Shouldn’t there be huge demand for an alternative to passwords?
The frequency of phishing attacks is constantly increasing, and even bypassing multi-factor authentication is becoming more common (Evilginx says hello). Maintaining and using password managers is also not a pleasant task – so why do we, as the first security measure, use our fingers to type a more or less random sequence of characters into a text field – and then still have to install the fourth proprietary authenticator app?
If only there were an open standard that is directly integrated into the operating systems of our everyday devices and supported by many manufacturers…
Okay, okay, I’ll drop the sarcasm – let’s start from the top – who (besides me) actually wants to tell us what the future of authentication looks like?
Key Figure – FIDO Alliance
Even 15 years ago it was clear that passwords are not future-proof. The alliance originated in 2009 from collaborations between payment provider PayPal and a manufacturer of biometric sensors, to enable secure authentication of payments.
Over the years, more and more companies joined the initiative, recognizing the value of a common authentication protocol. Notable early adopters include Google, Samsung, and Microsoft – those familiar with the azurblue world will recognize an early fruit of the alliance: Windows Hello for Business is a prototypical implementation of the guidelines (even though it had to wait for FIDO certification until 2019).
Today, over 250 organizations are members of the alliance, and the standards defined by and with it are now implemented in countless websites and services. I expect that the protocols and guidelines will continue to gain traction – when users see something good, they demand it. And in terms of cross-platform and cross-company support, FIDO2 is unrivaled.
But what did we really get from the alliance?
New Keys to the Castle
(If the puns are starting to get uncomfortable, I have bad news)
When I say "FIDO2 key", many – well, some – think of USB dongles like the YubiKey. They are the most widespread and well-known result of the FIDO Alliance and promise both phishing resistance AND a simpler login process. Plug in, enter PIN or scan fingerprint, and you’re logged in.
The higher security comes from the fact that communication between the end device and the service provider is truly end-to-end encrypted – no snooping possible. Additionally, the underlying "secret" can never be intercepted because it always remains in the dongle – in technical jargon, the key terms are "hardware-supported asymmetric encryption".
To turn very technical terms into something hopefully understandable, I turn to my favorite visualization: The Wax Seal.
CCBY – Wax Seal by Wikimedia User Xenophon
- When John first signs up for a service, the provider sends him an envelope with information about him and the account to be confirmed. In the illustration, the service provider is exemplarily Apple, another member of the FIDO Alliance.

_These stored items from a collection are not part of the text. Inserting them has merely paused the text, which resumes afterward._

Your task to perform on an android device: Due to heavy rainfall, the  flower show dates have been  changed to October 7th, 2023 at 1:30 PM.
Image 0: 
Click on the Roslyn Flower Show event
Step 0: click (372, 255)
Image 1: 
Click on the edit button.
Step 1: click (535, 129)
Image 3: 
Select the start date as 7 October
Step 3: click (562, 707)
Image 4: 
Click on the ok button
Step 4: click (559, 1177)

- John places a wax stamp, which creates an image (= seal), on the envelope. The used stamp creates a negative. An attacker cannot create further copies with the seal itself; they would first have to produce an exact reproduction of the stamp.

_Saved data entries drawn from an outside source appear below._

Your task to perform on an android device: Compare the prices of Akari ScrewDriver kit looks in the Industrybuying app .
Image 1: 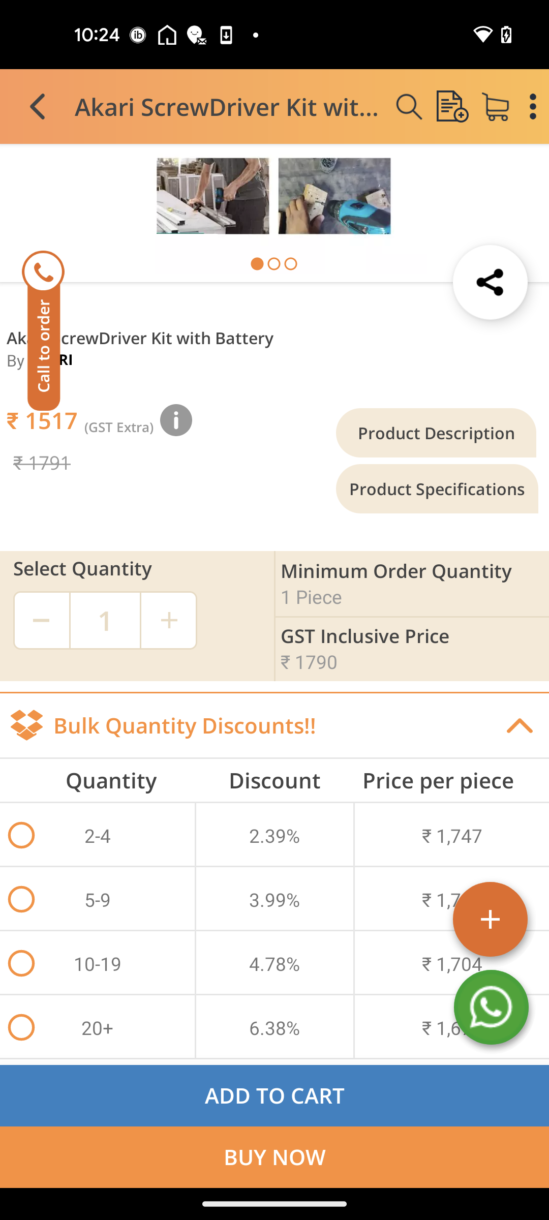
Swipe up for the similar products
Step 1: scroll down
Image 2: 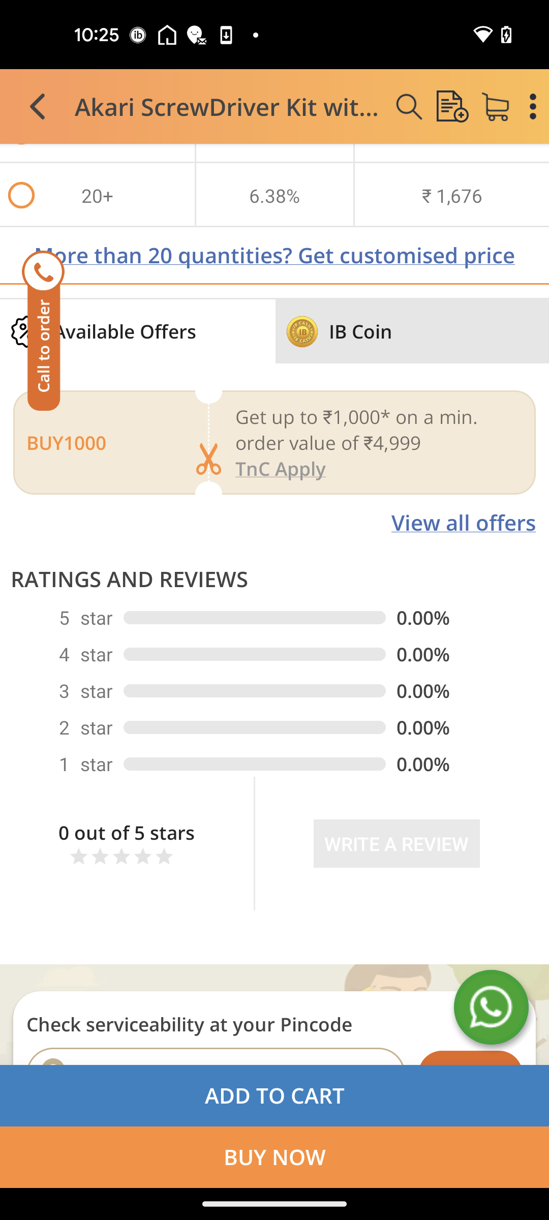
Swipe up for the similar products
Step 2: scroll down
Image 3: 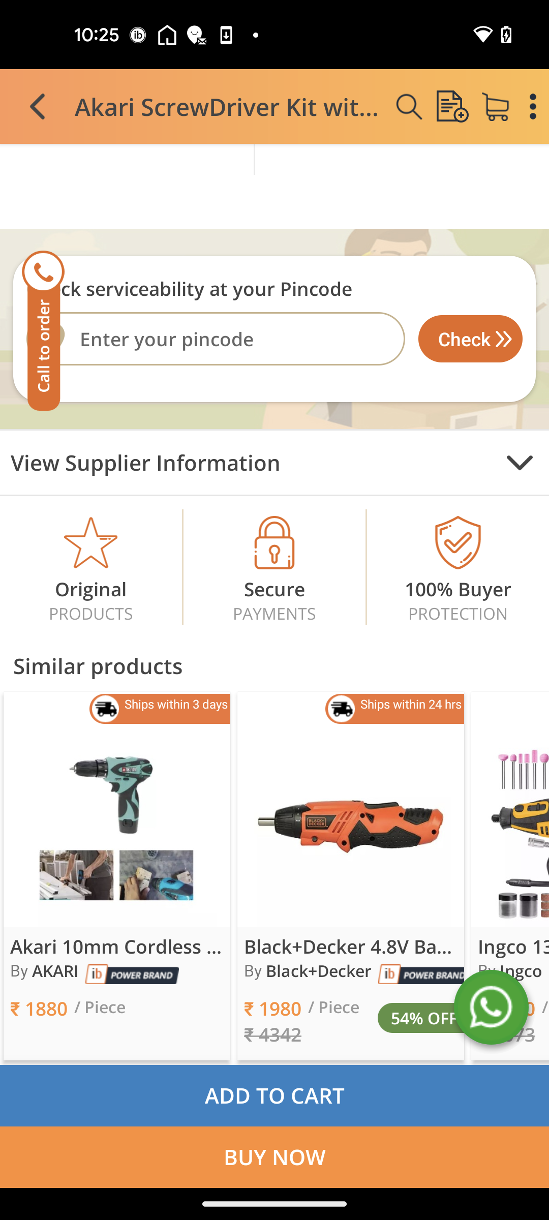
Swipe up for the similar products
Step 3: scroll down
Image 4: 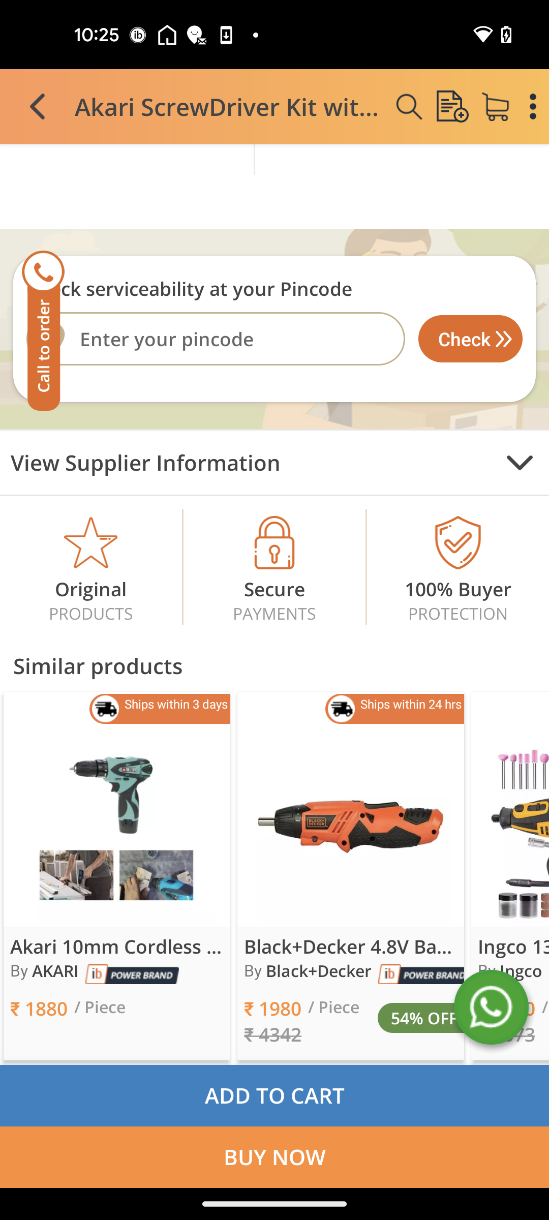
Swipe left the similar products for the comparison
Step 4: scroll right

- The service stores the seal with John’s user account. However, the stamp that created the seal always remains securely with John at home.
Every time John wants to log in now, the first step is skipped, and the service provider only has to compare the seal on the envelope with the one they know. Even if the provider is breached, the stamp, with which the attacker could impersonate John, is not present.
Disclaimer: This is a highly simplified illustration; in reality, everything is mathematics.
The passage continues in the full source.